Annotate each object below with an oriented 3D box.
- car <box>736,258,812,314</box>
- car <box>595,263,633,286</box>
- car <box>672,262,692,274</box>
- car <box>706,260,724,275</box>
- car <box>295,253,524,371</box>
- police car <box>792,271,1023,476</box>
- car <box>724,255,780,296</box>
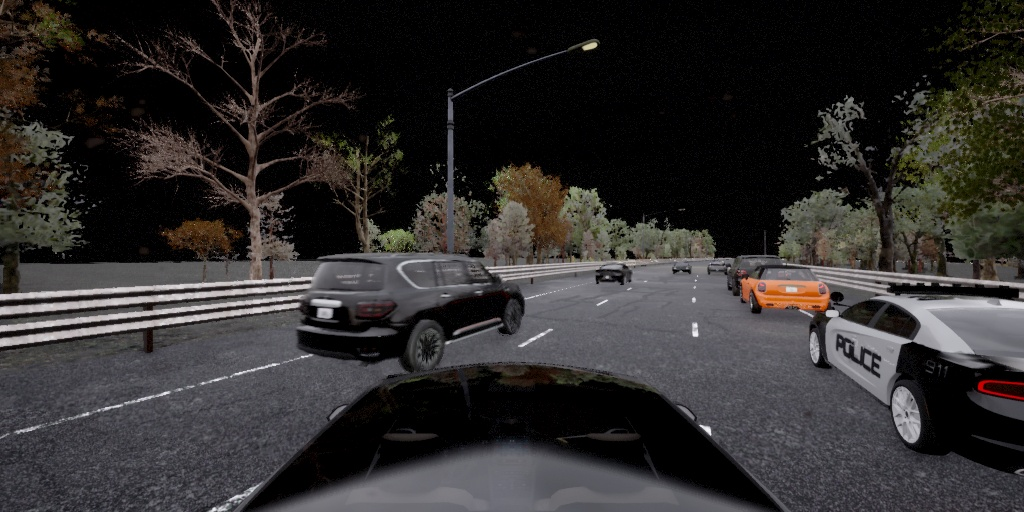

◆ ◆ ◆ ◆ ◆

--- INSTRUCTIONS TO FOLLOW ---
Write out the material above without changing a word, and skip any picture.

--- COMPLETED TASK ---
Annotate each object below with an oriented 3D box.
- car <box>736,258,812,314</box>
- car <box>595,263,633,286</box>
- car <box>672,262,692,274</box>
- car <box>706,260,724,275</box>
- car <box>295,253,524,371</box>
- police car <box>792,271,1023,476</box>
- car <box>724,255,780,296</box>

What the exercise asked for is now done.